**GOAL OF THE EXERCISE:**
Go line by line through the entries below and count those containing the string "vehicle"; give only the count.

*** Opening INPUT FOR THIS TASK ***

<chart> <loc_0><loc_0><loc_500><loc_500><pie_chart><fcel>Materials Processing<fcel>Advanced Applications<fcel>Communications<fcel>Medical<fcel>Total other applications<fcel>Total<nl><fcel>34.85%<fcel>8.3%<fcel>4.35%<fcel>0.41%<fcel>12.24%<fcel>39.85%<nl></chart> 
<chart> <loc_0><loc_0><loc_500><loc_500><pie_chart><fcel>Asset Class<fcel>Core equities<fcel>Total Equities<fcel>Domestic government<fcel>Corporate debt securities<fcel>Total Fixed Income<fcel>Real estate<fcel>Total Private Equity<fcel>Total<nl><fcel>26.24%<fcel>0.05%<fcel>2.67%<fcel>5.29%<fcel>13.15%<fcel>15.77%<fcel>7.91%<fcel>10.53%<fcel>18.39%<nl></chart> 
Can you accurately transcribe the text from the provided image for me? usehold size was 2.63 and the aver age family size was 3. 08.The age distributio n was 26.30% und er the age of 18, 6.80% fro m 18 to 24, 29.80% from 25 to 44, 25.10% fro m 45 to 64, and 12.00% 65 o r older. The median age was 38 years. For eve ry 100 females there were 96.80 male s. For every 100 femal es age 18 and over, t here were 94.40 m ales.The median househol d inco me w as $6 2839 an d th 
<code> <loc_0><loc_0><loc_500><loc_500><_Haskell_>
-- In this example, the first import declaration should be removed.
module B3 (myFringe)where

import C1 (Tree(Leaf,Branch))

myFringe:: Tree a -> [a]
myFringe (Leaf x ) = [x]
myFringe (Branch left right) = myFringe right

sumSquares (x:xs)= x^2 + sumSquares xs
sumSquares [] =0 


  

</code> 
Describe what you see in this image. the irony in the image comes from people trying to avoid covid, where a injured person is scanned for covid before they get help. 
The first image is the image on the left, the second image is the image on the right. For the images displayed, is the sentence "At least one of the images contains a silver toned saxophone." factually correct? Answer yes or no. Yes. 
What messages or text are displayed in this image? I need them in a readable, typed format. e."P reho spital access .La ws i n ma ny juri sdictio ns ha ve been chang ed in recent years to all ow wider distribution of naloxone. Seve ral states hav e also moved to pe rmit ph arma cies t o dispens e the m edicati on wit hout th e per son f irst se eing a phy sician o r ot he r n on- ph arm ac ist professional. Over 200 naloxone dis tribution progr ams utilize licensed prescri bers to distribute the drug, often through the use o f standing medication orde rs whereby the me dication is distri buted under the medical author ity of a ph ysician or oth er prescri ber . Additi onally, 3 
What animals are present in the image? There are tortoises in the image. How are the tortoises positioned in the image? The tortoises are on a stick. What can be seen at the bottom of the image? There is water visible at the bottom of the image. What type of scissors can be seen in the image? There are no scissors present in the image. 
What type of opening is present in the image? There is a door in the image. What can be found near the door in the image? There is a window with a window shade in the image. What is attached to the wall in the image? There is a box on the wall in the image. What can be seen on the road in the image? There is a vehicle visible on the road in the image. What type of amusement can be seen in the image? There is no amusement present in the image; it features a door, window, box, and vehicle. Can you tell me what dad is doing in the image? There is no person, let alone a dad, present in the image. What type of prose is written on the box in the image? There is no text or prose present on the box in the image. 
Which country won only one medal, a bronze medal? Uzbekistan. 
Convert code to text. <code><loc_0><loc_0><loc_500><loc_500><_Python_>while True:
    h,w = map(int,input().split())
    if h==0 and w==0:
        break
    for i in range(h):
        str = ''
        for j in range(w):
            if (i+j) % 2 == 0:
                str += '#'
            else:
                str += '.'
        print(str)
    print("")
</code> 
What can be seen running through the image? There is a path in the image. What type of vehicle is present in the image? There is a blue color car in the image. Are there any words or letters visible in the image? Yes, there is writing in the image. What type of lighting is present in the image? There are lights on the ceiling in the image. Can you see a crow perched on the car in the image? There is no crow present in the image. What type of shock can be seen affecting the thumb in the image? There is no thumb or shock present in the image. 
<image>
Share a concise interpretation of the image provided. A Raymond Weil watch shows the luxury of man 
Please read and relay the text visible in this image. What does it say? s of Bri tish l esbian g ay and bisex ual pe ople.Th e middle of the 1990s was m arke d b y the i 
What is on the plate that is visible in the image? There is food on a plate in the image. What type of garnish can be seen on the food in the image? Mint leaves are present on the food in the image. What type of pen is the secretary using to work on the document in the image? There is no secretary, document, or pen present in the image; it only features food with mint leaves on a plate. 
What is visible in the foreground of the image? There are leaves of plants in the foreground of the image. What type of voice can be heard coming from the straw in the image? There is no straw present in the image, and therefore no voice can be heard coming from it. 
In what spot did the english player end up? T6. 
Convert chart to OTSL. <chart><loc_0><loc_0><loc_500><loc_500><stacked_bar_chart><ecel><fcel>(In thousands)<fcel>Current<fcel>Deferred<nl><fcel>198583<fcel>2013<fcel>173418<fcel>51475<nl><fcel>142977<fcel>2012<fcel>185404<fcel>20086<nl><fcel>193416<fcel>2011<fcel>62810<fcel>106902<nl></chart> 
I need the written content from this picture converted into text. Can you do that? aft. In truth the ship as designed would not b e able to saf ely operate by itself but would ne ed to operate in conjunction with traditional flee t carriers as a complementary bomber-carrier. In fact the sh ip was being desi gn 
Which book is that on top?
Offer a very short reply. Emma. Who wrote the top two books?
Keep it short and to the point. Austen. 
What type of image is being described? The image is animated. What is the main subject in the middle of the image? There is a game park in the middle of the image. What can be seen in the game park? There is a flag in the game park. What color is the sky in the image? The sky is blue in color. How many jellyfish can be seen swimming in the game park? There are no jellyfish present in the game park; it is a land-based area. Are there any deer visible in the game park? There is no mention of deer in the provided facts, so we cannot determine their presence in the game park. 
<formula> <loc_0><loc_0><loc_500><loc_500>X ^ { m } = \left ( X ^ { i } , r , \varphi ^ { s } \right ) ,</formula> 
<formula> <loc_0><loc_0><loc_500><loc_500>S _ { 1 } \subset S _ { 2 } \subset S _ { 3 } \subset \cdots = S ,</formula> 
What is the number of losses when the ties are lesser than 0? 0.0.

*** Closing INPUT FOR THIS TASK ***

**RESPONSE TO THIS EXERCISE:**
2